**What is required**
From the entries below, reproduce exactly the lines from the one with "ball; what shape is it?" through the one with "Answer: 1,400,000 Which", both included, without images.

**Records for the exercise**
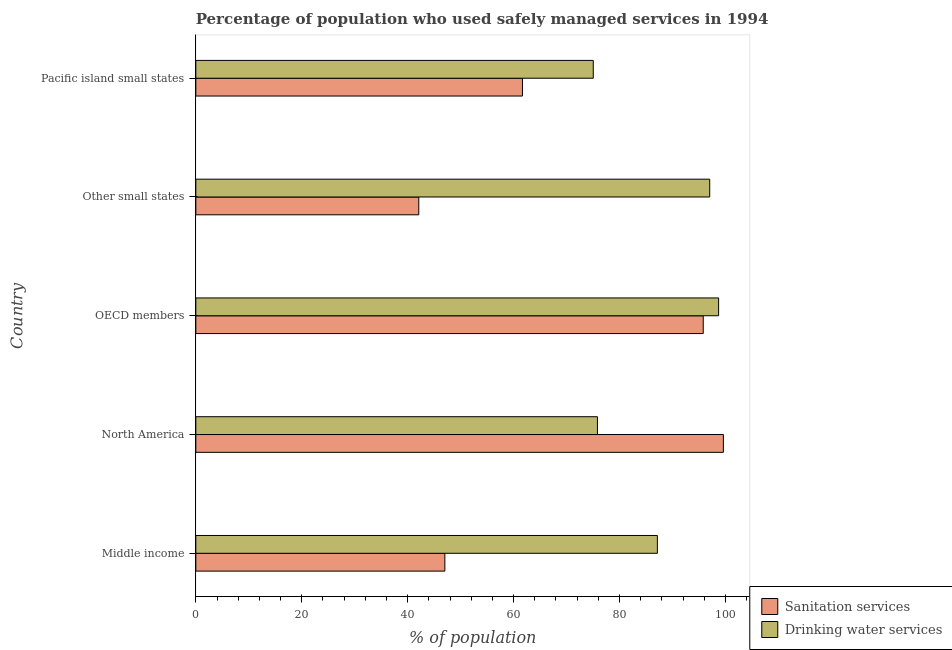How many different coloured bars are there?
Offer a very short reply. 2. How many groups of bars are there?
Your answer should be compact. 5. How many bars are there on the 2nd tick from the top?
Provide a short and direct response. 2. How many bars are there on the 3rd tick from the bottom?
Give a very brief answer. 2. What is the label of the 4th group of bars from the top?
Your response must be concise. North America. What is the percentage of population who used sanitation services in Middle income?
Your response must be concise. 47.03. Across all countries, what is the maximum percentage of population who used drinking water services?
Offer a terse response. 98.72. Across all countries, what is the minimum percentage of population who used drinking water services?
Keep it short and to the point. 75.05. In which country was the percentage of population who used drinking water services maximum?
Your answer should be compact. OECD members. In which country was the percentage of population who used drinking water services minimum?
Your answer should be compact. Pacific island small states. What is the total percentage of population who used drinking water services in the graph?
Ensure brevity in your answer.  433.8. What is the difference between the percentage of population who used drinking water services in North America and that in Other small states?
Your answer should be compact. -21.2. What is the difference between the percentage of population who used sanitation services in Middle income and the percentage of population who used drinking water services in North America?
Keep it short and to the point. -28.81. What is the average percentage of population who used drinking water services per country?
Provide a short and direct response. 86.76. What is the difference between the percentage of population who used sanitation services and percentage of population who used drinking water services in Pacific island small states?
Provide a short and direct response. -13.37. In how many countries, is the percentage of population who used drinking water services greater than 64 %?
Keep it short and to the point. 5. What is the ratio of the percentage of population who used sanitation services in Middle income to that in OECD members?
Your response must be concise. 0.49. What is the difference between the highest and the second highest percentage of population who used drinking water services?
Ensure brevity in your answer.  1.68. What is the difference between the highest and the lowest percentage of population who used sanitation services?
Your answer should be very brief. 57.52. In how many countries, is the percentage of population who used drinking water services greater than the average percentage of population who used drinking water services taken over all countries?
Your answer should be very brief. 3. What does the 1st bar from the top in OECD members represents?
Keep it short and to the point. Drinking water services. What does the 1st bar from the bottom in Middle income represents?
Give a very brief answer. Sanitation services. How many countries are there in the graph?
Give a very brief answer. 5. What is the difference between two consecutive major ticks on the X-axis?
Provide a succinct answer. 20. Are the values on the major ticks of X-axis written in scientific E-notation?
Your answer should be very brief. No. Does the graph contain any zero values?
Give a very brief answer. No. Does the graph contain grids?
Your response must be concise. No. Where does the legend appear in the graph?
Provide a short and direct response. Bottom right. How many legend labels are there?
Give a very brief answer. 2. What is the title of the graph?
Your answer should be compact. Percentage of population who used safely managed services in 1994. Does "Female" appear as one of the legend labels in the graph?
Your answer should be very brief. No. What is the label or title of the X-axis?
Provide a succinct answer. % of population. What is the label or title of the Y-axis?
Your answer should be very brief. Country. What is the % of population of Sanitation services in Middle income?
Your answer should be compact. 47.03. What is the % of population in Drinking water services in Middle income?
Keep it short and to the point. 87.16. What is the % of population in Sanitation services in North America?
Provide a succinct answer. 99.62. What is the % of population in Drinking water services in North America?
Your answer should be compact. 75.84. What is the % of population in Sanitation services in OECD members?
Provide a short and direct response. 95.82. What is the % of population of Drinking water services in OECD members?
Give a very brief answer. 98.72. What is the % of population of Sanitation services in Other small states?
Your answer should be compact. 42.1. What is the % of population of Drinking water services in Other small states?
Your response must be concise. 97.04. What is the % of population in Sanitation services in Pacific island small states?
Give a very brief answer. 61.68. What is the % of population of Drinking water services in Pacific island small states?
Your answer should be compact. 75.05. Across all countries, what is the maximum % of population in Sanitation services?
Give a very brief answer. 99.62. Across all countries, what is the maximum % of population of Drinking water services?
Offer a very short reply. 98.72. Across all countries, what is the minimum % of population of Sanitation services?
Ensure brevity in your answer.  42.1. Across all countries, what is the minimum % of population in Drinking water services?
Make the answer very short. 75.05. What is the total % of population of Sanitation services in the graph?
Provide a succinct answer. 346.24. What is the total % of population in Drinking water services in the graph?
Provide a short and direct response. 433.8. What is the difference between the % of population in Sanitation services in Middle income and that in North America?
Your answer should be compact. -52.59. What is the difference between the % of population of Drinking water services in Middle income and that in North America?
Your response must be concise. 11.32. What is the difference between the % of population in Sanitation services in Middle income and that in OECD members?
Give a very brief answer. -48.79. What is the difference between the % of population in Drinking water services in Middle income and that in OECD members?
Your answer should be compact. -11.56. What is the difference between the % of population of Sanitation services in Middle income and that in Other small states?
Keep it short and to the point. 4.93. What is the difference between the % of population in Drinking water services in Middle income and that in Other small states?
Your answer should be very brief. -9.88. What is the difference between the % of population in Sanitation services in Middle income and that in Pacific island small states?
Make the answer very short. -14.65. What is the difference between the % of population of Drinking water services in Middle income and that in Pacific island small states?
Make the answer very short. 12.11. What is the difference between the % of population in Sanitation services in North America and that in OECD members?
Give a very brief answer. 3.8. What is the difference between the % of population in Drinking water services in North America and that in OECD members?
Make the answer very short. -22.88. What is the difference between the % of population of Sanitation services in North America and that in Other small states?
Make the answer very short. 57.52. What is the difference between the % of population in Drinking water services in North America and that in Other small states?
Offer a terse response. -21.2. What is the difference between the % of population in Sanitation services in North America and that in Pacific island small states?
Make the answer very short. 37.94. What is the difference between the % of population of Drinking water services in North America and that in Pacific island small states?
Your response must be concise. 0.79. What is the difference between the % of population in Sanitation services in OECD members and that in Other small states?
Offer a terse response. 53.72. What is the difference between the % of population of Drinking water services in OECD members and that in Other small states?
Keep it short and to the point. 1.68. What is the difference between the % of population in Sanitation services in OECD members and that in Pacific island small states?
Your answer should be very brief. 34.14. What is the difference between the % of population in Drinking water services in OECD members and that in Pacific island small states?
Keep it short and to the point. 23.67. What is the difference between the % of population of Sanitation services in Other small states and that in Pacific island small states?
Ensure brevity in your answer.  -19.58. What is the difference between the % of population in Drinking water services in Other small states and that in Pacific island small states?
Your response must be concise. 21.99. What is the difference between the % of population of Sanitation services in Middle income and the % of population of Drinking water services in North America?
Your answer should be very brief. -28.81. What is the difference between the % of population of Sanitation services in Middle income and the % of population of Drinking water services in OECD members?
Your answer should be compact. -51.69. What is the difference between the % of population of Sanitation services in Middle income and the % of population of Drinking water services in Other small states?
Your response must be concise. -50.01. What is the difference between the % of population of Sanitation services in Middle income and the % of population of Drinking water services in Pacific island small states?
Give a very brief answer. -28.02. What is the difference between the % of population in Sanitation services in North America and the % of population in Drinking water services in OECD members?
Your response must be concise. 0.9. What is the difference between the % of population in Sanitation services in North America and the % of population in Drinking water services in Other small states?
Keep it short and to the point. 2.58. What is the difference between the % of population of Sanitation services in North America and the % of population of Drinking water services in Pacific island small states?
Offer a terse response. 24.57. What is the difference between the % of population in Sanitation services in OECD members and the % of population in Drinking water services in Other small states?
Give a very brief answer. -1.22. What is the difference between the % of population of Sanitation services in OECD members and the % of population of Drinking water services in Pacific island small states?
Offer a terse response. 20.77. What is the difference between the % of population of Sanitation services in Other small states and the % of population of Drinking water services in Pacific island small states?
Your answer should be compact. -32.95. What is the average % of population in Sanitation services per country?
Your response must be concise. 69.25. What is the average % of population in Drinking water services per country?
Your answer should be compact. 86.76. What is the difference between the % of population of Sanitation services and % of population of Drinking water services in Middle income?
Offer a very short reply. -40.13. What is the difference between the % of population in Sanitation services and % of population in Drinking water services in North America?
Provide a succinct answer. 23.78. What is the difference between the % of population in Sanitation services and % of population in Drinking water services in OECD members?
Make the answer very short. -2.9. What is the difference between the % of population in Sanitation services and % of population in Drinking water services in Other small states?
Offer a very short reply. -54.94. What is the difference between the % of population of Sanitation services and % of population of Drinking water services in Pacific island small states?
Your answer should be compact. -13.37. What is the ratio of the % of population of Sanitation services in Middle income to that in North America?
Your answer should be compact. 0.47. What is the ratio of the % of population of Drinking water services in Middle income to that in North America?
Keep it short and to the point. 1.15. What is the ratio of the % of population of Sanitation services in Middle income to that in OECD members?
Your response must be concise. 0.49. What is the ratio of the % of population in Drinking water services in Middle income to that in OECD members?
Your answer should be very brief. 0.88. What is the ratio of the % of population of Sanitation services in Middle income to that in Other small states?
Your response must be concise. 1.12. What is the ratio of the % of population of Drinking water services in Middle income to that in Other small states?
Provide a succinct answer. 0.9. What is the ratio of the % of population in Sanitation services in Middle income to that in Pacific island small states?
Your answer should be very brief. 0.76. What is the ratio of the % of population of Drinking water services in Middle income to that in Pacific island small states?
Provide a succinct answer. 1.16. What is the ratio of the % of population in Sanitation services in North America to that in OECD members?
Offer a very short reply. 1.04. What is the ratio of the % of population of Drinking water services in North America to that in OECD members?
Your answer should be compact. 0.77. What is the ratio of the % of population of Sanitation services in North America to that in Other small states?
Keep it short and to the point. 2.37. What is the ratio of the % of population of Drinking water services in North America to that in Other small states?
Keep it short and to the point. 0.78. What is the ratio of the % of population of Sanitation services in North America to that in Pacific island small states?
Provide a short and direct response. 1.62. What is the ratio of the % of population in Drinking water services in North America to that in Pacific island small states?
Keep it short and to the point. 1.01. What is the ratio of the % of population in Sanitation services in OECD members to that in Other small states?
Your answer should be very brief. 2.28. What is the ratio of the % of population of Drinking water services in OECD members to that in Other small states?
Your answer should be compact. 1.02. What is the ratio of the % of population of Sanitation services in OECD members to that in Pacific island small states?
Offer a very short reply. 1.55. What is the ratio of the % of population of Drinking water services in OECD members to that in Pacific island small states?
Your answer should be compact. 1.32. What is the ratio of the % of population of Sanitation services in Other small states to that in Pacific island small states?
Your answer should be very brief. 0.68. What is the ratio of the % of population in Drinking water services in Other small states to that in Pacific island small states?
Your answer should be compact. 1.29. What is the difference between the highest and the second highest % of population of Sanitation services?
Make the answer very short. 3.8. What is the difference between the highest and the second highest % of population of Drinking water services?
Offer a terse response. 1.68. What is the difference between the highest and the lowest % of population of Sanitation services?
Offer a very short reply. 57.52. What is the difference between the highest and the lowest % of population of Drinking water services?
Your answer should be compact. 23.67. 
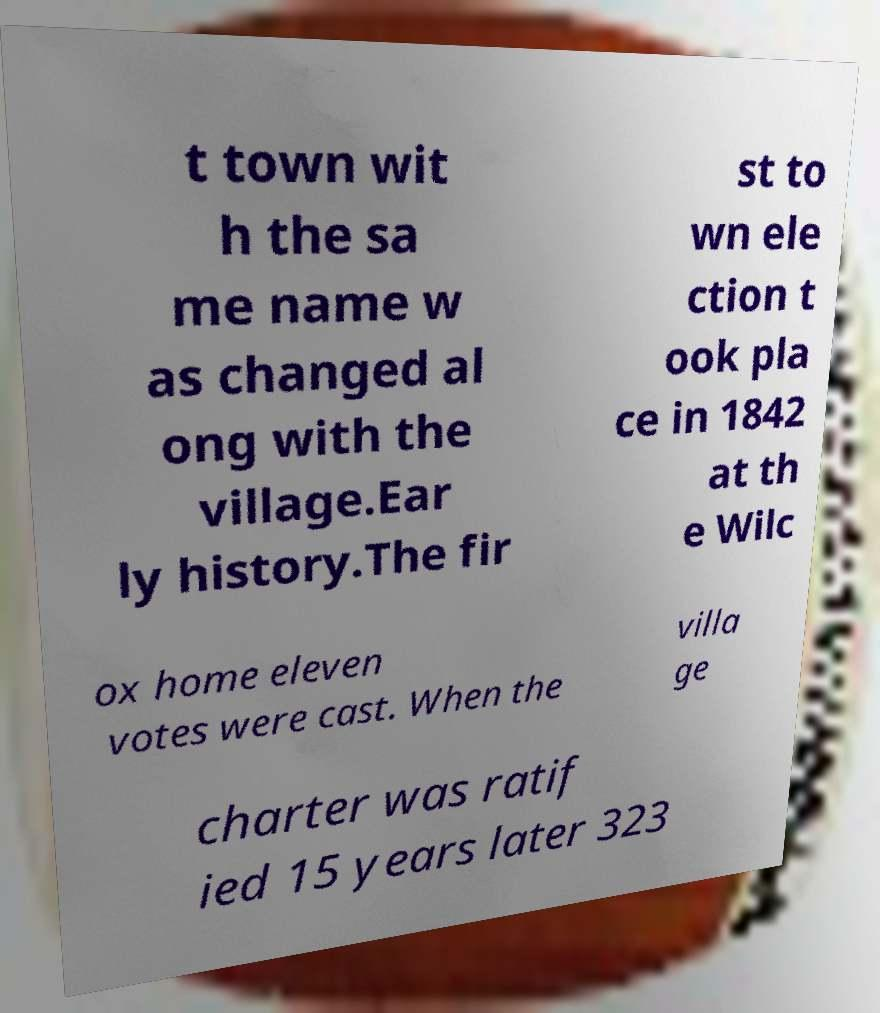There's text embedded in this image that I need extracted. Can you transcribe it verbatim? t town wit h the sa me name w as changed al ong with the village.Ear ly history.The fir st to wn ele ction t ook pla ce in 1842 at th e Wilc ox home eleven votes were cast. When the villa ge charter was ratif ied 15 years later 323 
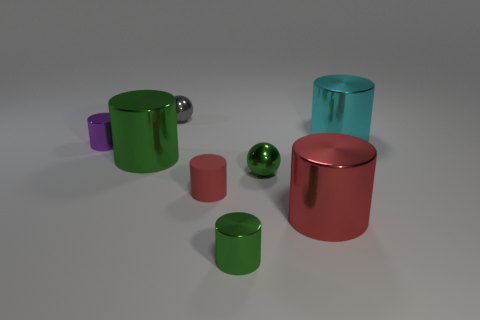The big thing that is the same color as the rubber cylinder is what shape?
Your response must be concise. Cylinder. The object that is both behind the purple metal object and in front of the gray metal thing is made of what material?
Ensure brevity in your answer.  Metal. There is a big object that is behind the purple metallic cylinder; what is its shape?
Your response must be concise. Cylinder. The large shiny thing that is behind the metal cylinder that is to the left of the large green metallic cylinder is what shape?
Provide a succinct answer. Cylinder. Are there any tiny brown matte objects of the same shape as the gray shiny object?
Offer a terse response. No. There is a red shiny object that is the same size as the cyan metal object; what shape is it?
Your response must be concise. Cylinder. There is a metal ball that is behind the tiny metallic ball that is on the right side of the tiny red rubber object; are there any metallic cylinders that are to the left of it?
Ensure brevity in your answer.  Yes. Is there a red shiny object of the same size as the rubber object?
Give a very brief answer. No. What size is the green shiny cylinder right of the tiny gray ball?
Make the answer very short. Small. There is a metal sphere that is behind the small metallic sphere that is in front of the small cylinder that is to the left of the big green cylinder; what color is it?
Offer a very short reply. Gray. 
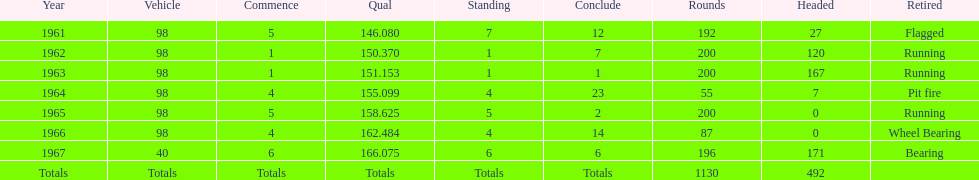What car achieved the highest qual? 40. 
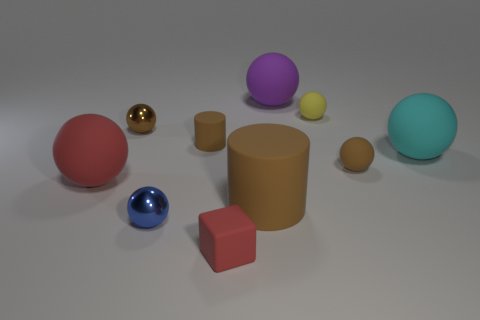What number of objects are either rubber cubes or balls that are in front of the brown shiny ball?
Keep it short and to the point. 5. There is a blue ball that is the same size as the yellow thing; what material is it?
Your answer should be very brief. Metal. Is the cyan object made of the same material as the red ball?
Your answer should be compact. Yes. There is a big rubber sphere that is both in front of the large purple thing and to the right of the blue sphere; what color is it?
Give a very brief answer. Cyan. There is a big matte sphere in front of the cyan rubber thing; is its color the same as the matte block?
Ensure brevity in your answer.  Yes. There is a purple matte thing that is the same size as the cyan ball; what shape is it?
Make the answer very short. Sphere. How many other objects are the same color as the tiny cylinder?
Offer a terse response. 3. How many other objects are there of the same material as the large cylinder?
Ensure brevity in your answer.  7. There is a red matte cube; does it have the same size as the brown ball that is left of the small red matte cube?
Keep it short and to the point. Yes. What is the color of the large rubber cylinder?
Your answer should be very brief. Brown. 
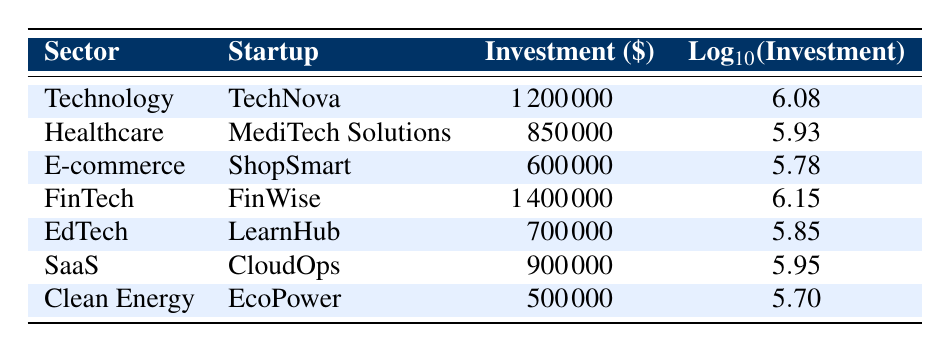What is the highest investment received by a startup? The table lists various startups with their investment amounts. The highest investment is 1,400,000 from FinWise in the FinTech sector.
Answer: 1,400,000 Which sector has the lowest investment amount? Among the listed sectors, Clean Energy, with EcoPower receiving 500,000, has the lowest investment.
Answer: Clean Energy What is the average investment received by the startups listed? To find the average, we sum the investments: 1,200,000 + 850,000 + 600,000 + 1,400,000 + 700,000 + 900,000 + 500,000 = 6,150,000. There are 7 startups, so the average is 6,150,000 / 7 = 878,571.43.
Answer: 878,571.43 Is there any startup that received an investment of 1 million or more? By examining the table, TechNova, FinWise, and CloudOps received investments of 1,200,000, 1,400,000, and 900,000 respectively. Since TechNova and FinWise are over 1 million, the answer is yes.
Answer: Yes What is the total investment received by the Technology and E-commerce sectors combined? The investments from Technology (1,200,000) and E-commerce (600,000) are combined. The total is 1,200,000 + 600,000 = 1,800,000.
Answer: 1,800,000 Which startup has an investment closest to 1 million? Among the startups, CloudOps received 900,000, which is the closest to 1 million, less than by 100,000.
Answer: CloudOps Were investments in the Healthcare and EdTech sectors both more than 600,000? The Healthcare sector received 850,000, and the EdTech sector received 700,000. Both amounts exceed 600,000, therefore the answer is yes.
Answer: Yes If we consider only the SaaS and Clean Energy sectors, what is the difference in their investment amounts? The investment for SaaS (900,000) minus Clean Energy (500,000) equals a difference of 900,000 - 500,000 = 400,000.
Answer: 400,000 What is the investment ratio of FinTech to the total investment? The total investment is 6,150,000, and FinTech received 1,400,000. The ratio is 1,400,000 / 6,150,000 = 0.227. Therefore, the investment in FinTech constitutes approximately 22.7% of the total.
Answer: 0.227

**Response for this exercise**
Ensure brevity in your answer.  Yes. There is a purple matte thing that is the same size as the cyan ball; what shape is it?
Make the answer very short. Sphere. How many other objects are the same color as the tiny cylinder?
Offer a terse response. 3. How many other objects are there of the same material as the large cylinder?
Ensure brevity in your answer.  7. There is a red matte cube; does it have the same size as the brown ball that is left of the small red matte cube?
Keep it short and to the point. Yes. What is the color of the large rubber cylinder?
Your answer should be very brief. Brown. 
What is the highest investment received by a startup? The table lists various startups with their investment amounts. The highest investment is 1,400,000 from FinWise in the FinTech sector.
Answer: 1,400,000 Which sector has the lowest investment amount? Among the listed sectors, Clean Energy, with EcoPower receiving 500,000, has the lowest investment.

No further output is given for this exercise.